4. Entgegen der Auffassung der Beklagten ist deren Zuwiderhandlung gegen die Marktverhaltensregeln der § 312 d Abs. 1 BGB, Art. 246 a § 1 Abs. 1 Satz 1 Nr. 7 EGBGB (vgl. hierzu Köhler a.a.O., § 3 a Rn. 1.311 und 1.315) auch geeignet, die Interessen des Verbrauchers spürbar zu beeinträchtigen. Der Verstoß gegen eine Marktverhaltungsregelung indiziert im Regelfall die Eignung zur spürbaren Beeinträchtigung der Interessen der von der fraglichen Werbung angesprochenen Marktteilnehmer (Köhler a.a.O., § a Rn. 1.112 m.w.N.). Die Behauptung der Beklagten, die klägerseits beanstandete online-Bestellmöglichkeit biete dem Verbraucher keine Nachteile, sondern nur Vorteile, trifft zum einen aus den vorgenannten Gründen in tatsächlicher Hinsicht nicht zu und ist zum anderen nicht geeignet, die Indizwirkung der Spürbarkeit des streitgegenständlichen Wettbewerbsverstoßes zu beseitigen. Das beanstandete Verhalten kann nämlich den Durchschnittsverbraucher, wie vom Kläger zutreffend ausgeführt, auch davon abhalten, die Vor- und Nachteile einer geschäftlichen Entscheidung zu erkennen, abzuwägen und eine „effektive Wahl“ zu treffen, weil er keinen Vergleich mit Drittangeboten im Hinblick auf den Liefertermin vornehmen kann.

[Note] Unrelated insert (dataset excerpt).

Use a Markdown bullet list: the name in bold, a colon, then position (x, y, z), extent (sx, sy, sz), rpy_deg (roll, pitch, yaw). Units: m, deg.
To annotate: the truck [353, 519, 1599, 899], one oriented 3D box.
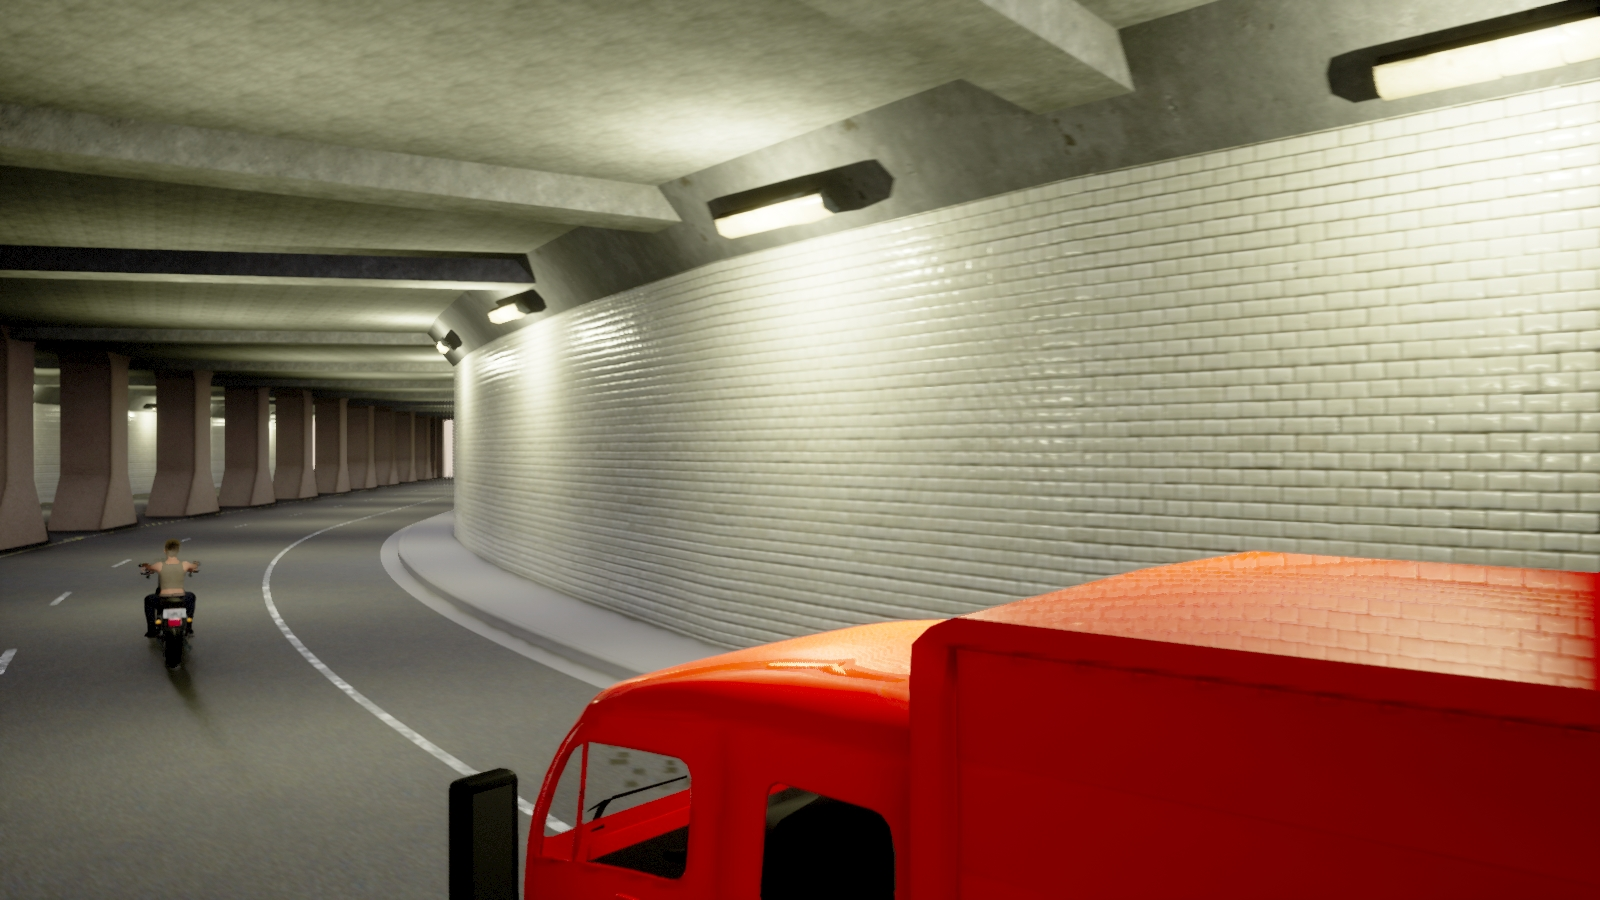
- **truck**: position (1.510, 1.569, 2.784), extent (5.204, 2.467, 2.627), rpy_deg (0, 0, 39)

5. Gegen die zur Erstattung vorgerichtlicher Abmahnkosten vom Landgericht ausgesprochene Verurteilung hat die Beklagte über die vorgenannten Einwände zur Frage der Wettbewerbswidrigkeit der verfahrensgenenständlichen Werbeaussage mit ihrer Berufung keine weiteren Rügen vorgebracht. Insoweit bedarf es hierzu keiner weiteren Ausführungen im Rahmen dieses Senatsurteils.
III.
1. Die Entscheidung über die Kosten beruht auf § 97 Abs. 1 ZPO.
2. Die Entscheidung über die vorläufige Vollstreckbarkeit beruht auf den §§ 708 Nr. 10, 711 ZPO.
3. Die Revision ist nicht zuzulassen, weil die Rechtssache keine grundsätzliche Bedeutung hat (§ 543 Abs. 2 Satz 1 Nr. 1 ZPO) und auch die Voraussetzungen des § 543 Abs. 2 Satz 1 Nr. 2 ZPO nicht vorliegen. Die von der Beklagten geltend gemachte Bedeutung des Streitfalles für eine Vielzahl von Fällen rechtfertigt für sich genommen nicht die Annahme einer grundsätzlichen Bedeutung. Es ist nicht ersichtlich, dass die Frage der Anwendbarkeit der § 312 d Abs. 1 BGB, Art. 246 a § 1 Abs. 1 Satz 1 Nr. 7 EGBGB im Bereich des elektronischen Geschäftsverkehrs in der Rechtsprechung und/oder in der Literatur kontrovers diskutiert würde.